A further development of these themes comes from our increased understanding of the role and nature of the professional service ﬁrm. Within the 1990s more and more interest and research has been centered on, inter alia, accounting ﬁrms, law ﬁrms, management consulting ﬁrms, and engineering consulting ﬁrms. These are, of course, the archetypal sites for the study of professionals within settings which should be the most accommodating because they are organized around professional work and managed by the professionals themselves. But they are also operating in changing institutional and market environments and face intra and interprofessional competition. More research needs to be done on the way in which these professional ﬁelds are being restructured, new occupational grouping emerging, new organizational forms developing, and the organizational–professional relationship being changed. Part of this is also that there are important diﬀerences within as well as between professionals in terms of organizational setting.
Finally, an important and intriguing topic to be examined is the possible convergence of professionals in organizations and organizations of professionals. That is, on the one hand, many ‘nonprofessional’ organizations are becoming more knowledge-based and are experimenting with more ﬂexible and autonomy-based organizational forms.

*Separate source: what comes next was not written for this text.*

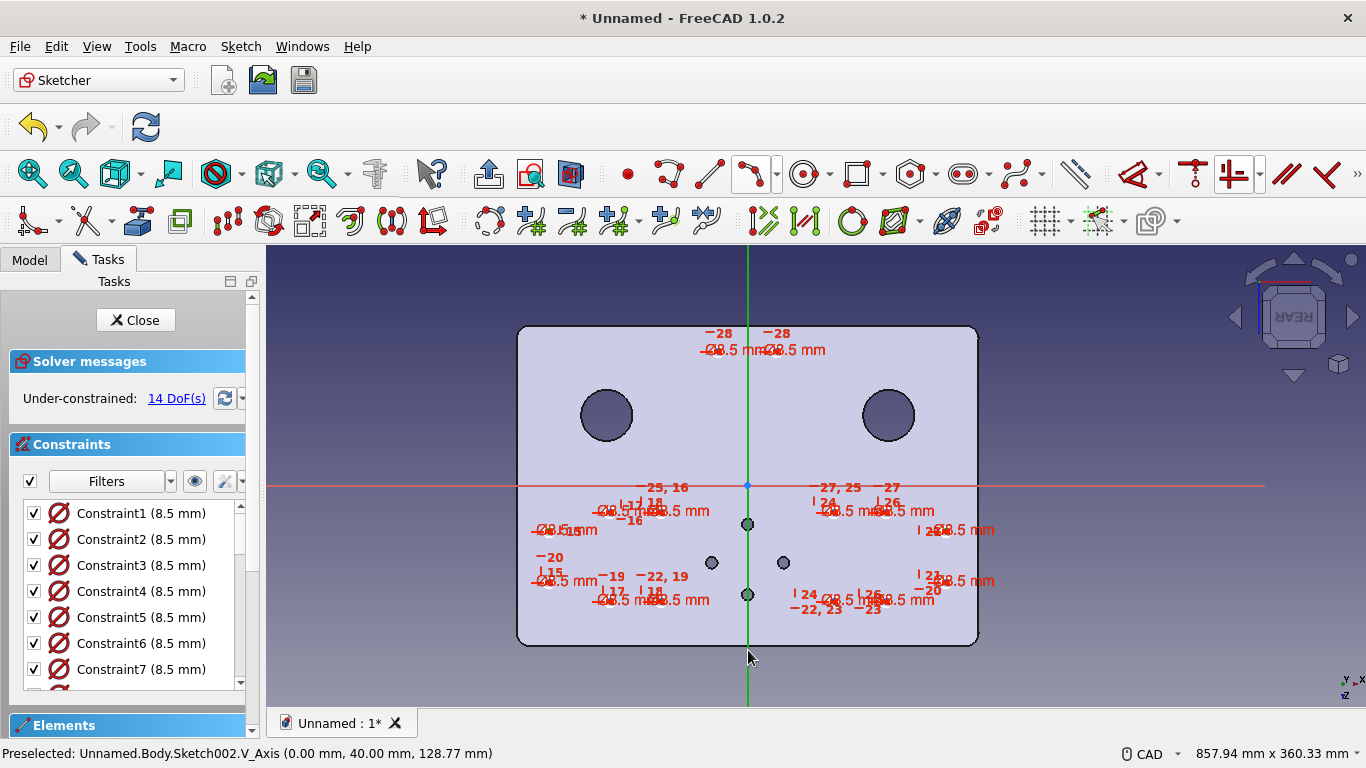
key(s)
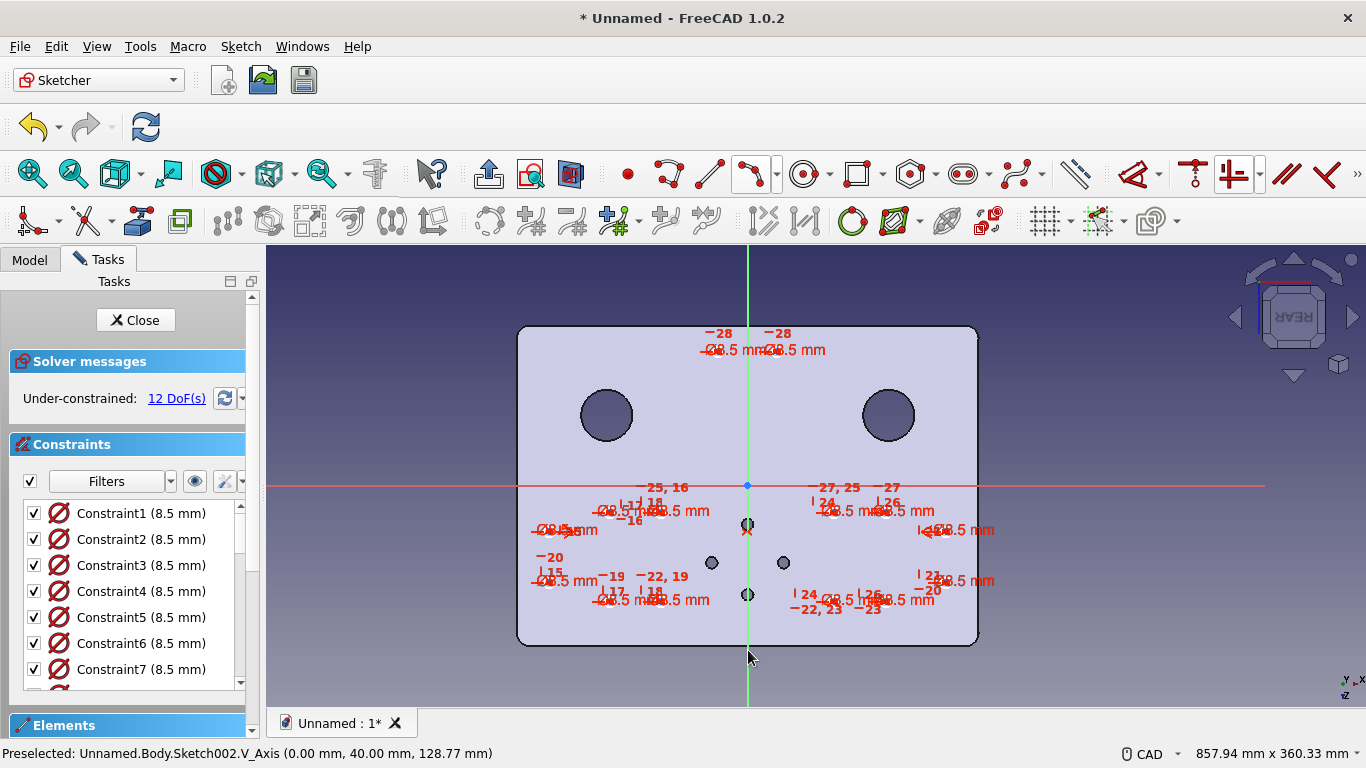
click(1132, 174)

On the other hand, professional organizations are moving into new markets, facing more competition, changing their knowledge base, and growing in size. In doing this they are becoming more managed, more strategic, and possibly decreasing some aspects of autonomy and ﬂexibility. What they can oﬀer is challenging work with major clients. This suggests a new kind of convergence, combining professionalism and managerialism (bureaucratization), due to the increasing role of knowledge in ‘postindustrial,’ service-based new economies. These changes present a real challenge for research.